Farces, satires and straight slapstick comedies about extremely wealthy people have made popular entertainment for centuries. In film, the most notable example is Jean Renoir’s The Rules of the Game (1939), in which a group of upper-middle-class French people gather at swanky events, culminating in an affair that ends in a mistaken identity shotgun death, one that will be reported to the police as “nothing more than an unfortunate accident.”
HBO’s Succession, which returns to our screens with a fourth season this week, has followed an even wealthier group of people, even more self-absorbed, distorted and cut off from the outside world than Renoir’s overzealous swingers and servants whistling past the future graveyards of Vichy. Jesse Armstrong has created an iconic family with the Roys: Brian Cox’s Logan, the dying lion; Jeremy Strong’s Kendall, the heir apparent who just can’t cut it; Sarah Snook’s Shiv, defter than her brother Kendall; Kieran Culkin’s Roman, the cocky baby brother with zero ambition; and the eldest child, Alan Ruck’s Connor, whose irrelevance to the family business is made clear without any real exposition.
What makes Succession brilliant as a television show is how much it’s able to communicate with so few words. In just three short seasons, there have already been several indelible moments: the Roy family bodyguard reassuring Kendall that no one will ever know he was in that car with that kid on ketamine, which flew off a bridge, only to have him rein Kendall in during one of his many attempted takeovers with the chillingly delivered, “I know you.” Similarly, there’s Logan backhanding Roman in the face in a fit of rage, and by the next episode telling his youngest son, “I just want you to know that’s not something I do.”

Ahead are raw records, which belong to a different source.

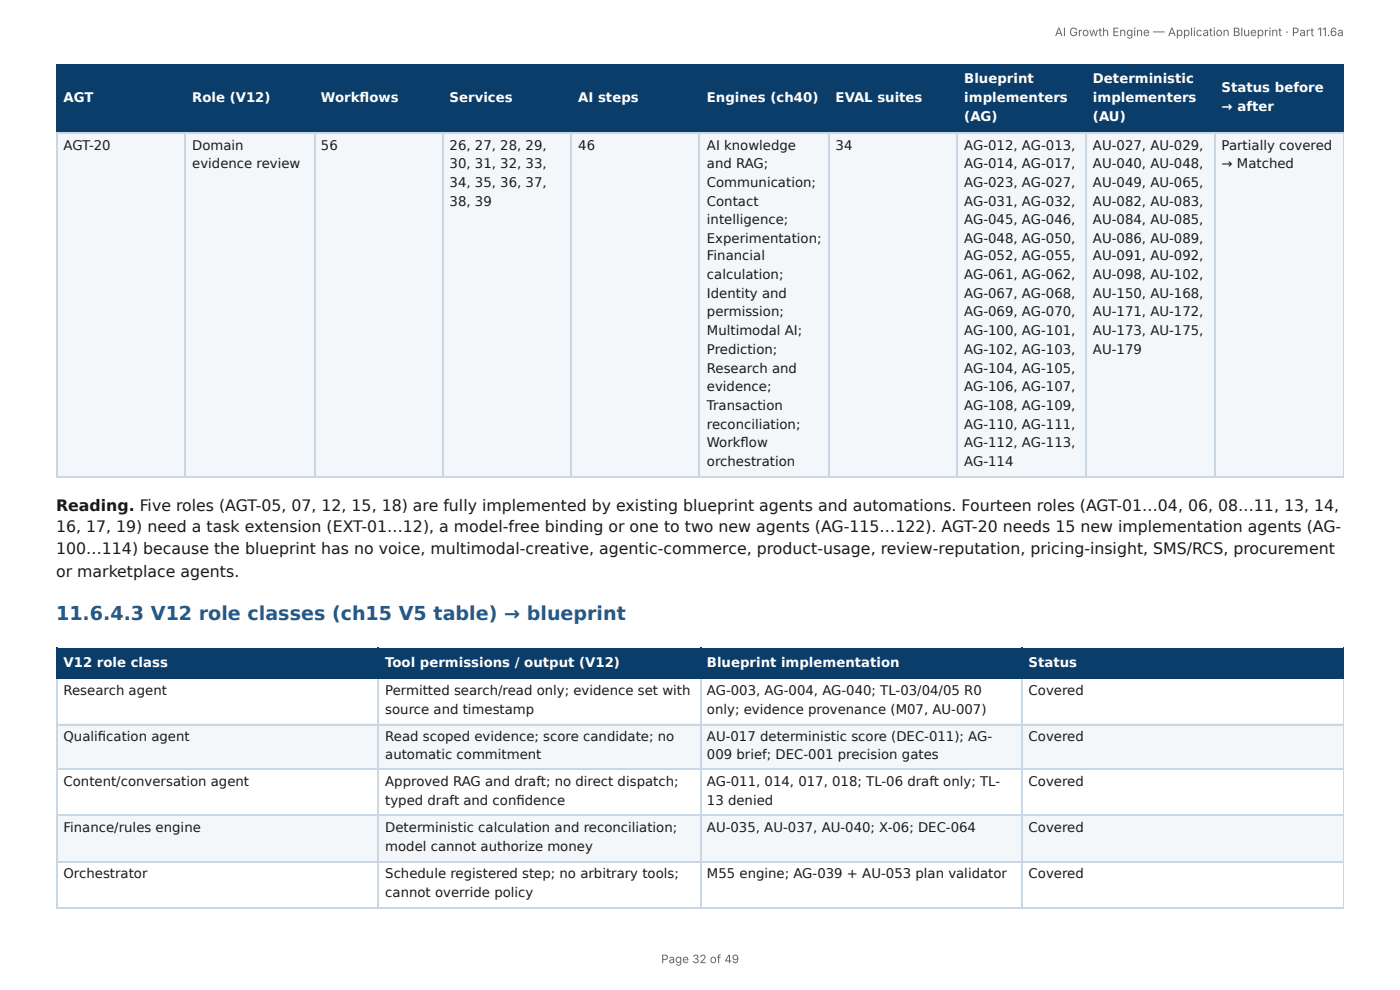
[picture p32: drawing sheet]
<svg xmlns="http://www.w3.org/2000/svg" width="297mm" height="210mm" viewBox="0 0 297 210" stroke-linecap="round" stroke-linejoin="round" font-family="sans-serif">
<defs><g id="words">
<text font-size="4.1" fill="#1f5a8c" x="11.9" y="131.8">11.6.4.3 V12 role classes (ch15 V5 table) → blueprint</text>
<g font-size="3.3" fill="#1a1a1a">
<text x="11.9" y="108.5">Reading. Five roles (AGT-05, 07, 12, 15, 18) are fully implemented by existing blueprint agents and automations. Fourteen roles (AGT-01…04, 06, 08…11, 13, 14,</text>
<text x="11.9" y="113">16, 17, 19) need a task extension (EXT-01…12), a model-free binding or one to two new agents (AG-115…122). AGT-20 needs 15 new implementation agents (AG-</text>
<text x="11.9" y="117.7">100…114) because the blueprint has no voice, multimodal-creative, agentic-commerce, product-usage, review-reputation, pricing-insight, SMS/RCS, procurement</text>
<text x="11.9" y="122.5">or marketplace agents.</text>
</g>
<g font-size="2.8" fill="#fff">
<text x="204.8" y="17.7">Blueprint</text>
<text x="232.1" y="17.7">Deterministic</text>
<text x="13.5" y="21.7">AGT</text>
<text x="40.8" y="21.7">Role (V12)</text>
<text x="68.2" y="21.7">Workfl ows</text>
<text x="95.5" y="21.7">Services</text>
<text x="122.8" y="21.7">AI steps</text>
<text x="150.1" y="21.7">Engines (ch40)</text>
<text x="177.5" y="21.7">EVAL suites</text>
<text x="204.8" y="21.7">implementers</text>
<text x="232.1" y="21.7">implementers</text>
<text x="259.5" y="19.6">Status before</text>
<text x="259.5" y="23.5">→ after</text>
<text x="204.8" y="25.7">(AG)</text>
<text x="232.1" y="25.7">(AU)</text>
<text x="13.5" y="141.6">V12 role class</text>
<text x="81.8" y="141.6">Tool permissions / output (V12)</text>
<text x="150.2" y="141.6">Blueprint implementation</text>
<text x="218.5" y="141.6">Status</text>
</g>
<g font-size="2.8" fill="#1a1a1a">
<text x="13.5" y="31.8">AGT-20</text>
<text x="40.8" y="31.8">Domain</text>
<text x="40.8" y="35.7">evidence review</text>
<text x="68.2" y="31.8">56</text>
<text x="95.5" y="31.8">26, 27, 28, 29,</text>
<text x="95.5" y="35.7">30, 31, 32, 33,</text>
<text x="122.8" y="31.8">46</text>
<text x="150.1" y="31.8">AI knowledge</text>
<text x="150.1" y="35.7">and RAG;</text>
<text x="177.5" y="31.8">34</text>
<text x="204.8" y="31.8">AG-012, AG-013,</text>
<text x="204.8" y="35.7">AG-014, AG-017,</text>
<text x="232.1" y="31.8">AU-027, AU-029,</text>
<text x="232.1" y="35.7">AU-040, AU-048,</text>
<text x="259.5" y="31.8">Partially covered</text>
<text x="259.5" y="35.7">→ Matched</text>
<text x="95.5" y="39.7">34, 35, 36, 37,</text>
<text x="150.1" y="39.7">Communication;</text>
<text x="204.8" y="39.7">AG-023, AG-027,</text>
<text x="232.1" y="39.7">AU-049, AU-065,</text>
<text x="95.5" y="43.7">38, 39</text>
<text x="150.1" y="43.7">Contact</text>
<text x="150.1" y="47.6">intelligence;</text>
<text x="204.8" y="43.7">AG-031, AG-032,</text>
<text x="204.8" y="47.6">AG-045, AG-046,</text>
<text x="232.1" y="43.7">AU-082, AU-083,</text>
<text x="232.1" y="47.6">AU-084, AU-085,</text>
<text x="150.1" y="51.6">Experimentation;</text>
<text x="204.8" y="51.6">AG-048, AG-050,</text>
<text x="232.1" y="51.6">AU-086, AU-089,</text>
<text x="150.1" y="55.3">Financial</text>
<text x="150.1" y="59.3">calculation;</text>
<text x="204.8" y="55.3">AG-052, AG-055,</text>
<text x="204.8" y="59.3">AG-061, AG-062,</text>
<text x="232.1" y="55.3">AU-091, AU-092,</text>
<text x="232.1" y="59.3">AU-098, AU-102,</text>
<text x="150.1" y="63.2">Identity and</text>
<text x="204.8" y="63.2">AG-067, AG-068,</text>
<text x="232.1" y="63.2">AU-150, AU-168,</text>
<text x="150.1" y="67.2">permission;</text>
<text x="150.1" y="71.2">Multimodal AI;</text>
<text x="204.8" y="67.2">AG-069, AG-070,</text>
<text x="204.8" y="71.2">AG-100, AG-101,</text>
<text x="232.1" y="67.2">AU-171, AU-172,</text>
<text x="232.1" y="71.2">AU-173, AU-175,</text>
<text x="150.1" y="75.1">Prediction;</text>
<text x="204.8" y="75.1">AG-102, AG-103,</text>
<text x="232.1" y="75.1">AU-179</text>
<text x="150.1" y="79.1">Research and</text>
<text x="150.1" y="83.1">evidence;</text>
<text x="204.8" y="79.1">AG-104, AG-105,</text>
<text x="204.8" y="83.1">AG-106, AG-107,</text>
<text x="150.1" y="87">Transaction</text>
<text x="204.8" y="87">AG-108, AG-109,</text>
<text x="150.1" y="91">reconciliation;</text>
<text x="150.1" y="95">Workfl ow</text>
<text x="204.8" y="91">AG-110, AG-111,</text>
<text x="204.8" y="95">AG-112, AG-113,</text>
<text x="150.1" y="99">orchestration</text>
<text x="204.8" y="99">AG-114</text>
<text x="13.5" y="147.6">Research agent</text>
<text x="81.8" y="147.6">Permitted search/read only; evidence set with</text>
<text x="150.2" y="147.6">AG-003, AG-004, AG-040; TL-03/04/05 R0</text>
<text x="218.5" y="147.6">Covered</text>
<text x="81.8" y="151.6">source and timestamp</text>
<text x="150.2" y="151.6">only; evidence provenance (M07, AU-007)</text>
<text x="13.5" y="157.4">Qualifi cation agent</text>
<text x="81.8" y="157.4">Read scoped evidence; score candidate; no</text>
<text x="81.8" y="161.1">automatic commitment</text>
<text x="150.2" y="157.4">AU-017 deterministic score (DEC-011); AG-</text>
<text x="150.2" y="161.1">009 brief; DEC-001 precision gates</text>
<text x="218.5" y="157.4">Covered</text>
<text x="13.5" y="167">Content/conversation agent</text>
<text x="81.8" y="167">Approved RAG and draft; no direct dispatch;</text>
<text x="150.2" y="167">AG-011, 014, 017, 018; TL-06 draft only; TL-</text>
<text x="218.5" y="167">Covered</text>
<text x="81.8" y="170.9">typed draft and confi dence</text>
<text x="150.2" y="170.9">13 denied</text>
<text x="13.5" y="176.7">Finance/rules engine</text>
<text x="81.8" y="176.7">Deterministic calculation and reconciliation;</text>
<text x="150.2" y="176.7">AU-035, AU-037, AU-040; X-06; DEC-064</text>
<text x="218.5" y="176.7">Covered</text>
<text x="81.8" y="180.7">model cannot authorize money</text>
<text x="13.5" y="186.5">Orchestrator</text>
<text x="81.8" y="186.5">Schedule registered step; no arbitrary tools;</text>
<text x="81.8" y="190.5">cannot override policy</text>
<text x="150.2" y="186.5">M55 engine; AG-039 + AU-053 plan validator</text>
<text x="218.5" y="186.5">Covered</text>
</g>
<g font-size="2.5" fill="#666">
<text x="224" y="7.7">AI Growth Engine — Application Blueprint · Part 11.6a</text>
<text x="140.4" y="204.5">Page 32 of 49</text>
</g>
</g></defs>
<g fill="#0b3d6b">
<path d="M12.2 14h27.2v14h-27.2z"/>
<path d="M39.4 14h27.3v14h-27.3z"/>
<path d="M66.7 14h27.2v14h-27.2z"/>
<path d="M93.9 14h27.5v14h-27.5z"/>
<path d="M121.4 14h27.3v14h-27.3z"/>
<path d="M148.7 14h27.2v14h-27.2z"/>
<path d="M175.9 14h27.6v14h-27.6z"/>
<path d="M203.5 14h27.2v14h-27.2z"/>
<path d="M230.7 14h27.3v14h-27.3z"/>
<path d="M258 14h27.4v14h-27.4z"/>
</g>
<g fill="#f4f7fa">
<path d="M12.2 28h27.2v73.1h-27.2z"/>
<path d="M39.4 28h27.3v73.1h-27.3z"/>
<path d="M66.7 28h27.2v73.1h-27.2z"/>
<path d="M93.9 28h27.5v73.1h-27.5z"/>
<path d="M121.4 28h27.3v73.1h-27.3z"/>
<path d="M148.7 28h27.2v73.1h-27.2z"/>
<path d="M175.9 28h27.6v73.1h-27.6z"/>
<path d="M203.5 28h27.2v73.1h-27.2z"/>
<path d="M230.7 28h27.3v73.1h-27.3z"/>
<path d="M258 28h27.4v73.1h-27.4z"/>
</g>
<path d="M11.9 13.9h273.5M12 13.8v14.5M39.3 13.8v14.5M66.8 13.8v14.5M94.1 13.8v14.5M121.3 13.8v14.5M148.6 13.8v14.5M176.1 13.8v14.5M203.3 13.8v14.5M230.6 13.8v14.5M258.1 13.8v14.5M11.9 28.2h273.5" fill="none" stroke="#0b3d6b" stroke-width=".26"/>
<path d="M285.3 13.8v14.5" fill="none" stroke="#0b3d6b" stroke-width=".21"/>
<path d="M11.9 28.2h273.5M12 28.3v73M39.3 28.3v73M66.8 28.3v73M94.1 28.3v73M121.3 28.3v73M148.6 28.3v73M176.1 28.3v73M203.3 28.3v73M230.6 28.3v73M258.1 28.3v73M11.9 101.2h273.5" fill="none" stroke="#c9d6e3" stroke-width=".26"/>
<path d="M285.3 28.3v73" fill="none" stroke="#c9d6e3" stroke-width=".21"/>
<g fill="#0b3d6b">
<path d="M12.2 137.6h68.2v6.3h-68.2z"/>
<path d="M80.4 137.6h68.3v6.3h-68.3z"/>
<path d="M148.7 137.6h68.3v6.3h-68.3z"/>
<path d="M217 137.6h68.4v6.3h-68.4z"/>
</g>
<g fill="#f4f7fa">
<path d="M12.2 153.7h68.2v9.8h-68.2z"/>
<path d="M80.4 153.7h68.3v9.8h-68.3z"/>
<path d="M148.7 153.7h68.3v9.8h-68.3z"/>
<path d="M217 153.7h68.4v9.8h-68.4z"/>
<path d="M12.2 173.3h68.2v9.8h-68.2z"/>
<path d="M80.4 173.3h68.3v9.8h-68.3z"/>
<path d="M148.7 173.3h68.3v9.8h-68.3z"/>
<path d="M217 173.3h68.4v9.8h-68.4z"/>
</g>
<path d="M11.9 137.7h273.5M12 137.6v6.6M80.3 137.6v6.6M148.8 137.6v6.6M217.1 137.6v6.6M11.9 144.1h273.5" fill="none" stroke="#0b3d6b" stroke-width=".26"/>
<path d="M285.3 137.6v6.6" fill="none" stroke="#0b3d6b" stroke-width=".21"/>
<path d="M11.9 153.9h273.5M12 144.2v48.7M80.3 144.2v48.7M148.8 144.2v48.7M217.1 144.2v48.7M11.9 163.4h273.5M11.9 173.2h273.5M11.9 183h273.5M11.9 192.7h273.5" fill="none" stroke="#c9d6e3" stroke-width=".26"/>
<path d="M285.3 144.2v48.7" fill="none" stroke="#c9d6e3" stroke-width=".21"/>
<use href="#words"/>
</svg>

Decades of abuse, trauma, neglect and the wrecking power of largesse are expressed in Succession without flashbacks or elaboration. Who is Logan’s late sister Rose, and why is she off limits for discussion? Holly Hunter plays Rhea Jarrell, a potential saboteur-cum-gold digger at the end of season two: after some conniving by the (adult) kids, is it her toast to Rose that sours Logan on her permanently? We still don’t know why a simple toast, a misunderstanding, could destroy what looked like a promising affair.
Much of Succession is an elusive mystery wrapped inside perhaps the smartest class criticism on TV. It demonstrates why “eat the rich” has supplanted #MeToo as the genre du jour. Culture wars are ephemeral, but bank accounts are not. I don’t know how much sympathy the average person has for blacklisted Hollywood actresses — only so many people are going to get excited watching Zoe Kazan and Carey Mulligan in She Said as the New York Times reporters who took down Harvey Weinstein. But since Succession debuted in 2018, movies and television shows mocking and examining the rich have flourished, from The White Lotus to The Menu and Triangle of Sadness, which won the Palme d’Or at Cannes last year. (The dramatic implosion of FTX and the travails of Sam Bankman-Fried are probably being pitched to showrunners as this goes to press.)
But nothing so far has surpassed Succession. Not even the recent feature The Menu, directed by Succession executive producer Mark Mylod. Ironically, it’s the camera work in Mylod’s film that’s most striking; it’s Succession’s weakest point by a wide margin. I understand the mockumentary aesthetic, however corny by now, but does every other shot have to be out of focus? HBO needs better focus pullers. Then again, unlike The Menu, they don’t have Peter Deming, the man who shot Mulholland Dr., Lost Highway, Twin Peaks: The Return and Scream 2 and 3. All of these “eat the rich” films, including HBO’s widely praised White Lotus, look much better than Succession, but it’s the writing that makes that show stick. No wonder a Deadline writer’s first question for Mylod in a recent interview about The Menu was about Succession: “Do you have the season four scripts on your phone?”
He may or may not. All we know is that back in the boardroom, Tom came out on top at the end of last season, by double-crossing his wife Siobhan (the pointedly nicknamed Shiv) and her incalculably cruel siblings. Tom secured himself a trusted, high-level position in patriarch Logan’s life — unlike his real offspring, cut off after their attempted patricide in arbitrage. (With me?) We watch them well up as the modest Midwesterner moves up in the world without the begrudging help of his wife, a woman who asked if they could have an open marriage on the night of their wedding: “I’m not a hippy, Shiv.” In his response, you can read all Tom’s modesty, lack of cool, frustration, exhaustion and heartache. He may want to be wealthy, but he just wants his wife to be his wife, not a libertine.
What puts Succession over the top is its capacity to show the complexity in the fact that oppressed and abused people often do the same to those beneath them. Tom acts subservient, almost effeminate, in scenes with Logan but he treats Cousin Greg less like an errand boy and more like a monkey. When Tom finds out he’s not going to be the fall guy for a corporate scandal that would have sent him to prison, he destroys Greg’s office in a fit of adolescent ecstatic relief. and seniors and freshman in high schools across America. However much the audience cries for its characters, Succession makes sure that they’re used almost strictly as punchlines.